Nichts da; ich schlafe, wo ich früher immer geschlafen habe.

Es ist aber schon alles so gerichtet.

Das ist gleich in der Reihe. Wir helfen zusammen.

Als die Betten gewechselt waren und Georg in seiner Kammer stand, öffnete die Mutter noch einmal die Thür und fragte schüchtern:

Georg, darf ich bei dir bleiben, wenn du ins Bett gehst?

Freilich, Mutter!

Und sie half ihm beim Entkleiden und deckte ihn zu.

Bist du warm, Georg?

Ja, Mutter!

Weißt du noch, Georg, wie du früher gebetet hast, wenn ich dich zu Bett legte?

Georg nickte.

Kannst dus noch?

Die Alte legte die gefalteten Hände auf Georgs Deckbett.

Da fing er an:

Abends wenn ich schlafen geh, vierzehn Engel bei mir stehn ...

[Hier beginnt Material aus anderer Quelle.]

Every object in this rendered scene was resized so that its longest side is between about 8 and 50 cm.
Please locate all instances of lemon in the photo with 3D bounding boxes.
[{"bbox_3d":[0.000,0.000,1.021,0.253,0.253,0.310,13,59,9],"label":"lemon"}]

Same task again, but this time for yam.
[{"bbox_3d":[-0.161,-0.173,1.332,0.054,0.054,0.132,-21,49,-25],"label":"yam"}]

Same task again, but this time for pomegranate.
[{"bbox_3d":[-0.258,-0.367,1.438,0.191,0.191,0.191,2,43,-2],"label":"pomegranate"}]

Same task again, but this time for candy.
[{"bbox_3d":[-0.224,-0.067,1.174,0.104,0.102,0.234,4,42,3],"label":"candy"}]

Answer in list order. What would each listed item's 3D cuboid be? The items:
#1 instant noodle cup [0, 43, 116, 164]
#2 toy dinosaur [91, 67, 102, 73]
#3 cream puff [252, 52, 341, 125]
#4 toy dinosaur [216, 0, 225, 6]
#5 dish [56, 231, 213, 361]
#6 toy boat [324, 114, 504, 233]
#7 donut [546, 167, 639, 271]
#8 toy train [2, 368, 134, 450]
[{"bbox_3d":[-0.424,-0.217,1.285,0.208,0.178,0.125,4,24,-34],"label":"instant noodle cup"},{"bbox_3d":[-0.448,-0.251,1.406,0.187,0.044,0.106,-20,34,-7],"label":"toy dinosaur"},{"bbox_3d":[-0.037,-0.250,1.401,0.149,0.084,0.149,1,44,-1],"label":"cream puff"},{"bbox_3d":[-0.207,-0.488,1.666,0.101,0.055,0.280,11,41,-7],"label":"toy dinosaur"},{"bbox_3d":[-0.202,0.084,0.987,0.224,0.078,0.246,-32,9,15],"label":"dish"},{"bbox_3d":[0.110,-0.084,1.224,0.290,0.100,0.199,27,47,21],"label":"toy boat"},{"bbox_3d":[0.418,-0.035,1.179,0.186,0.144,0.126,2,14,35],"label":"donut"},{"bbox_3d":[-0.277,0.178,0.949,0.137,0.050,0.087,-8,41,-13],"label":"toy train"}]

Georg hielt inne und lächelte. Er sah sieben Engel des Schmerzes und sieben Engel des Trostes sich gegenüber stehn.

Es ist gut, Mutter!

Amen! sagte die Alte.

Sie legte Georgs beste Kleider und ein frisches Hemd auf den Stuhl vor Georgs Bett.

Du mußt morgen früh Besuche machen!

Warum nicht gar!

Es geht nicht anders; ich bins meinen Kundenhäusern schuldig.

Nun denn, in Gottes Namen! Gute Nacht, Mutter! Gieb mir noch einmal deine Hand. Gute Nacht, du gute, gute Mutter!

Gute Nacht, Georg! Verschlafe alles, was dich drückt!

Die Alte hob Georgs Stiefel vom Boden auf und ging mit ihnen zur Stube hinaus.

Ein paar Stunden der Nacht waren verronnen. Da kam die Büglerin mit dem Lichte in der Hand in die Wohnstube. Sie nahm die beiden Öldruckbilder von der Wand und legte sie in die unterste Schublade der Kommode. Dann zog sie aus derselben Schublade den alten Haussegen und Georgs Konfirmationsschein hervor und hängte sie wieder an ihre Nägel.